Data = read.table(textConnection(Input),header=TRUE)

 

 

Simple plot

 

plot(x   = Data$Temp,
     y   = Data$Pulse,
     col = Data$Species,
     pch = 16,
     xlab = "Temperature",
     ylab = "Pulse")

legend('bottomright',
       legend = levels(Data$Species),
       col = 1:3,
       cex = 1,   
       pch = 16)

 

 

Analysis of covariance

 

options(contrasts = c("contr.treatment", "contr.poly"))
  
   ### These are the default contrasts in R


model.1 = lm (Pulse ~ Temp + Species + Temp:Species,
              data = Data)

library(car)

Anova(model.1, type="II")

 

             Sum Sq Df   F value Pr(>F)   

Temp         7026.0  1 2452.4187 <2e-16 ***

Species      7835.7  2 1367.5377 <2e-16 ***

Temp:Species    5.2  2    0.9126 0.4093   

  

### Interaction is not significant, so the slope among groups

### is not different. 

 

 

model.2 = lm (Pulse ~ Temp + Species,
              data = Data)

library(car)

Anova(model.2, type="II")

 

          Sum Sq Df F value    Pr(>F)   

Temp      7026.0  1  2462.2 < 2.2e-16 ***

Species   7835.7  2  1373.0 < 2.2e-16 ***

Residuals  125.6 44 

 

### The category variable (Species) is significant,

### so the intercepts among groups are different

 

 

summary(model.2)

 

Coefficients:

             Estimate Std.
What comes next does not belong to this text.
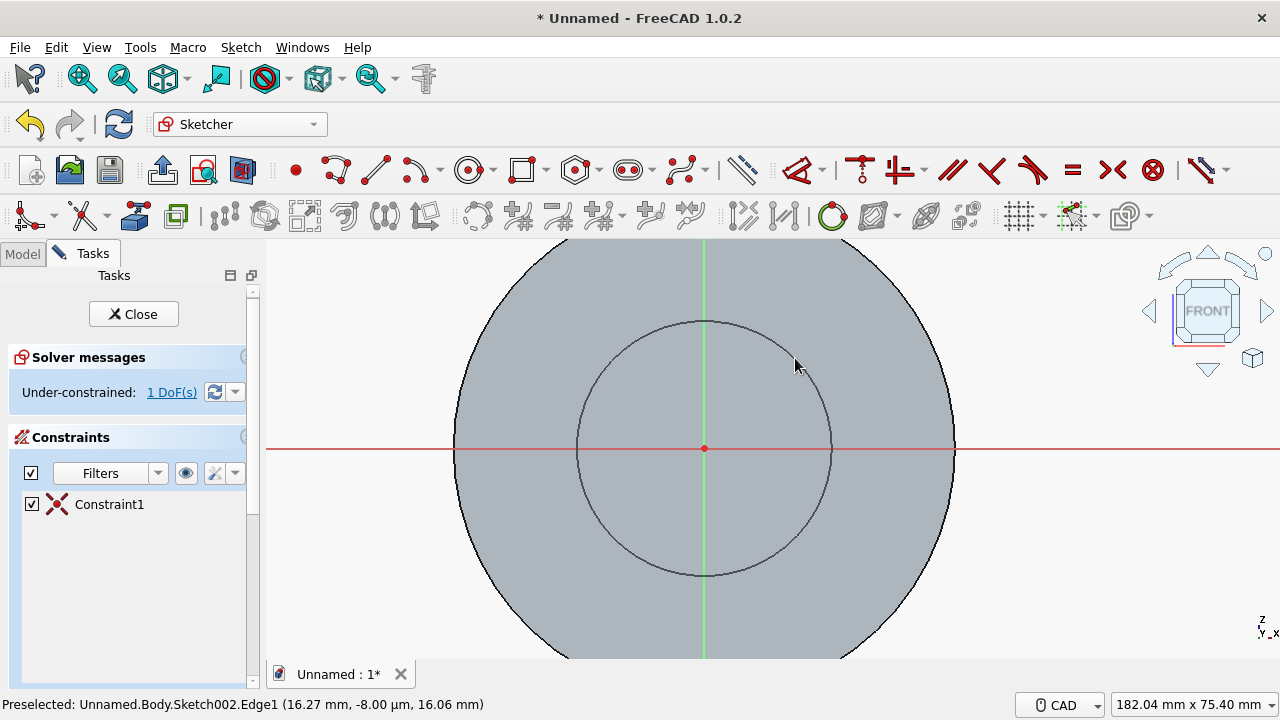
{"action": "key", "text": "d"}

Error t value Pr(>|t|)   

(Intercept)  -6.35729    1.90713  -3.333  0.00175 **

Temp          3.56961    0.07194  49.621  < 2e-16 ***

Speciesfake  19.81429    0.66333  29.871  < 2e-16 ***

Speciesniv  -10.18571    0.66333 -15.355  < 2e-16 ***

 

### The slope estimate is the Temp coefficient.

### The intercept for species 1 (ex) is (intercept).
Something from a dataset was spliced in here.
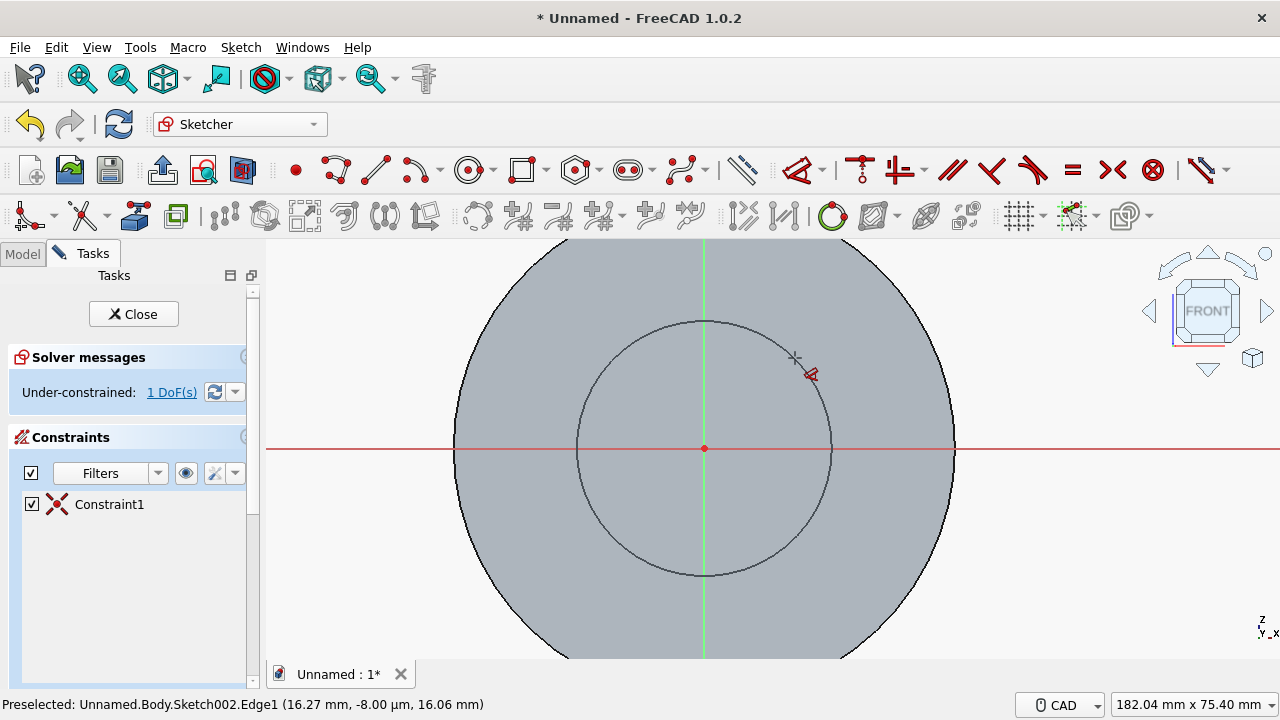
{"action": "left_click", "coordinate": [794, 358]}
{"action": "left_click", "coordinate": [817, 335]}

### The intercept for species 2 (fake) is (intercept) + Speciesfake.

### The intercept for species 3 (niv) is (intercept) + Speciesniv.
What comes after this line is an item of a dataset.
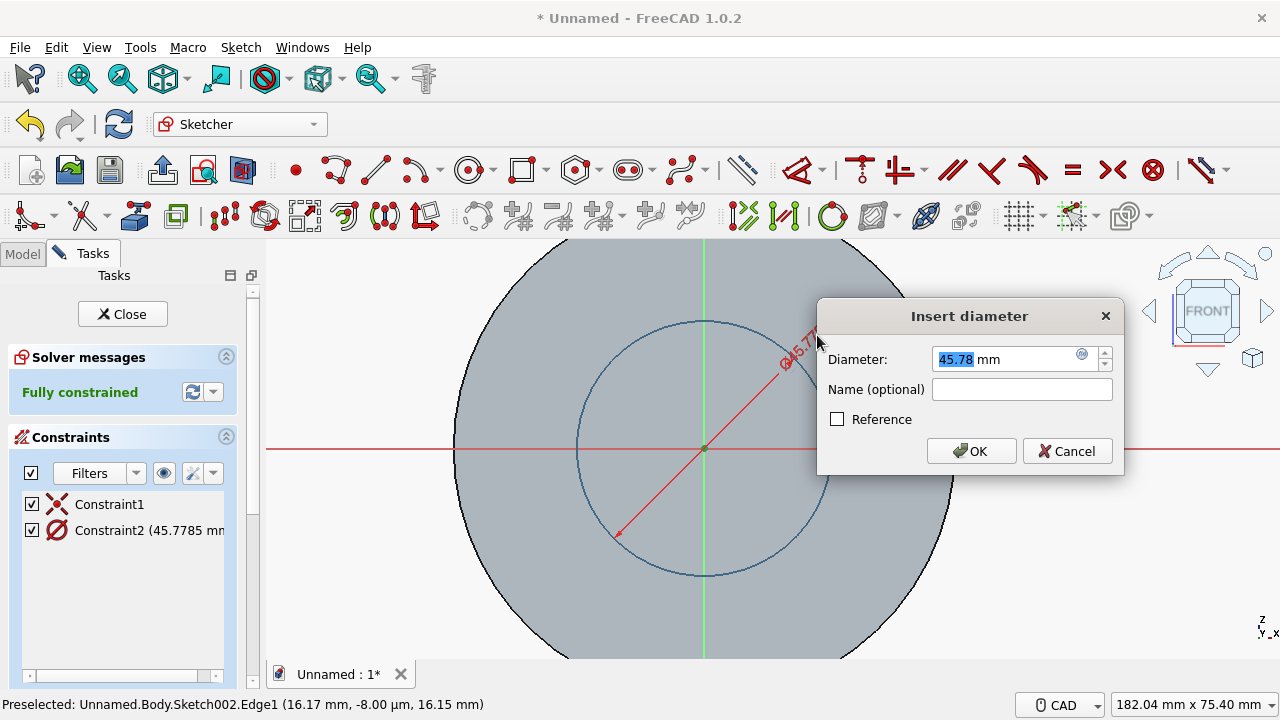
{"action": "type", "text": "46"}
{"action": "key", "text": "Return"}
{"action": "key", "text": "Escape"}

### This is determined from the contrast coding of the Species

### variable shown below.

 

 

contrasts(Data$Species)

 

     fake niv

ex      0   0

fake    1   0

niv     0   1

 

 

Simple plot with fitted lines

 

I.nought = -6.35729
I1 = I.nought + 0
I2 = I.nought + 19.81429
I3 = I.nought + -10.18571
B  = 3.56961

plot(x   = Data$Temp,
     y   = Data$Pulse,
     col = Data$Species,
     pch = 16,
     xlab = "Temperature",
     ylab = "Pulse")

legend('bottomright',
       legend = levels(Data$Species),
       col = 1:3,
       cex = 1,   
       pch = 16)

abline(I1, B,
       lty=1, lwd=2, col = 1)

abline(I2, B,
       lty=1, lwd=2, col = 2)

abline(I3, B,
       lty=1, lwd=2, col = 3)

 

RPlot

 

 

p-value and R-squared of combined model

 

summary(model.2)

 

Multiple R-squared:  0.9919,  Adjusted R-squared:  0.9913

F-statistic:  1791 on 3 and 44 DF,  p-value: < 2.2e-16

 

 

Checking assumptions of the model

 

hist(residuals(model.2),
     col="darkgray")

 

RPlot

 

A histogram of residuals from a linear model.  The distribution of these residuals should be approximately normal.

 

 

plot(fitted(model.2),
     residuals(model.2))

 

RPlot

 

A plot of residuals vs. predicted values.  The residuals should be unbiased and homoscedastic.  For an illustration of these properties, see this diagram by Steve Jost at DePaul University: condor.depaul.edu/sjost/it223/documents/resid-plots.gif.

 

 

### additional model checking plots with: plot(model.2)
### alternative: library(FSA); residPlot(model.2) 

 

#     #     #

 

 

Power analysis

See the Handbook for information on this topic.